◆ Directions
Show each line of the entries below in which the word "override" appears.

◆ Source records
━━━━━━━━

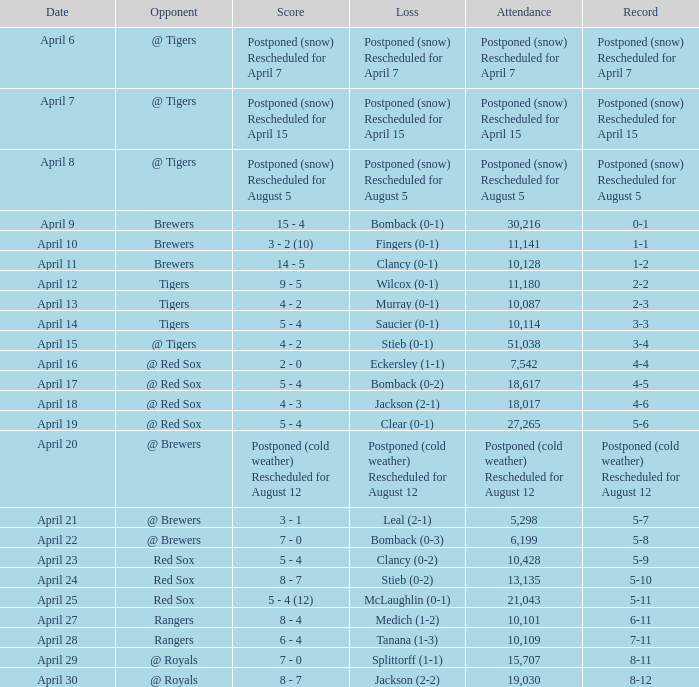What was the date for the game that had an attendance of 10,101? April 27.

━━━━━━━━

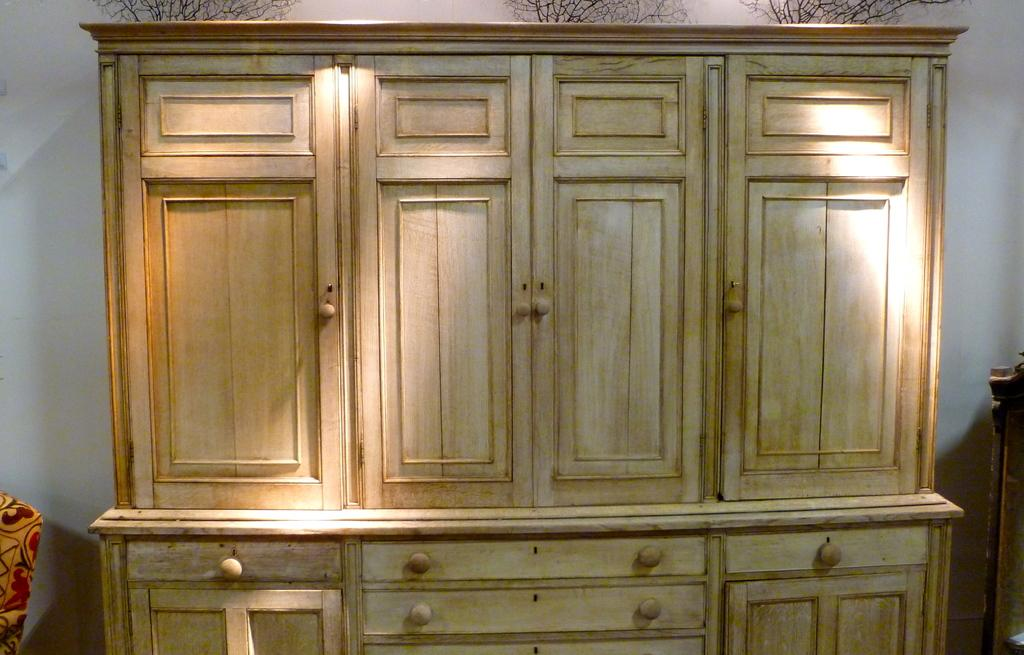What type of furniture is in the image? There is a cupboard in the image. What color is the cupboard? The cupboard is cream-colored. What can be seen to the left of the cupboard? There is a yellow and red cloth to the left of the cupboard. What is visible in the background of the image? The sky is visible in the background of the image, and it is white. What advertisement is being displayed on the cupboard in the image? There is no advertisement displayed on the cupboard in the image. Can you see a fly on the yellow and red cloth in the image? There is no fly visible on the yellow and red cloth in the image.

━━━━━━━━

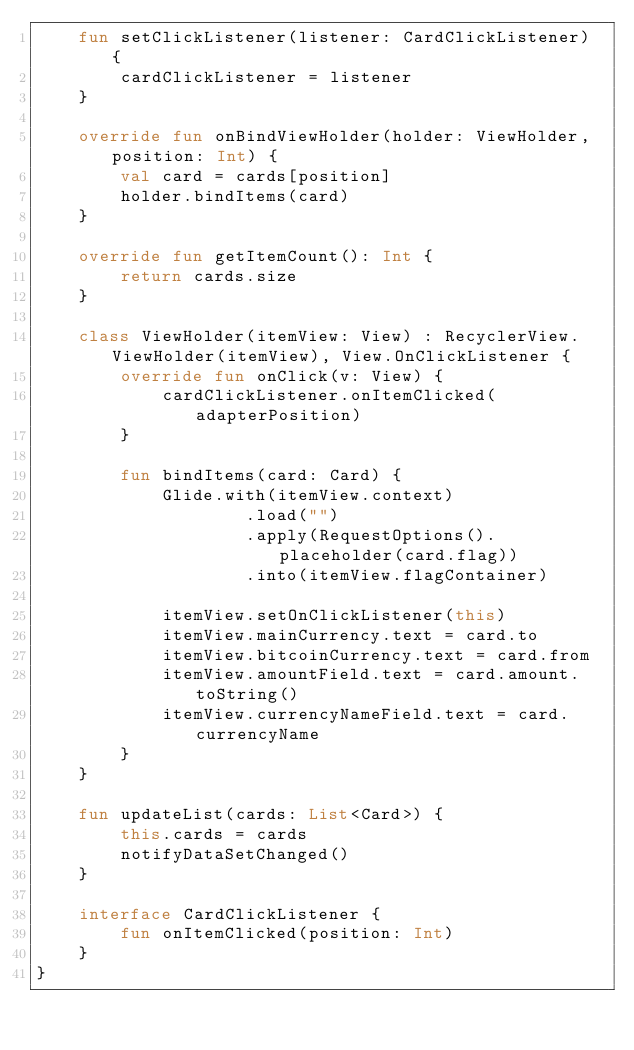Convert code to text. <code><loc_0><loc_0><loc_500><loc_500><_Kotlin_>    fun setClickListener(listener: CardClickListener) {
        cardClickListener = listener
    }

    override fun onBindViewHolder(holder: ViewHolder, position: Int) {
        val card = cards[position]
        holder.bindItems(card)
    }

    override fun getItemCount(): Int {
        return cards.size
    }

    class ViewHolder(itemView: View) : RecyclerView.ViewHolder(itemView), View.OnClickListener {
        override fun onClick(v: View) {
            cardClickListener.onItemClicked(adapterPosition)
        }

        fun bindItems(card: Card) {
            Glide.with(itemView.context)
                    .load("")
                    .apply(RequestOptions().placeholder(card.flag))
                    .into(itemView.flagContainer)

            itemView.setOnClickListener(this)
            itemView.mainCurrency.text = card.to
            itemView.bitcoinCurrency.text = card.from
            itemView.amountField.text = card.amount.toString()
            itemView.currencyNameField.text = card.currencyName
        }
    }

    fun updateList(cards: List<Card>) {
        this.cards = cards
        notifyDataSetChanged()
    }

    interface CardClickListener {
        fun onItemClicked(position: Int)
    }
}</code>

━━━━━━━━

◆ Completed exercise
    override fun onBindViewHolder(holder: ViewHolder, position: Int) {
    override fun getItemCount(): Int {
        override fun onClick(v: View) {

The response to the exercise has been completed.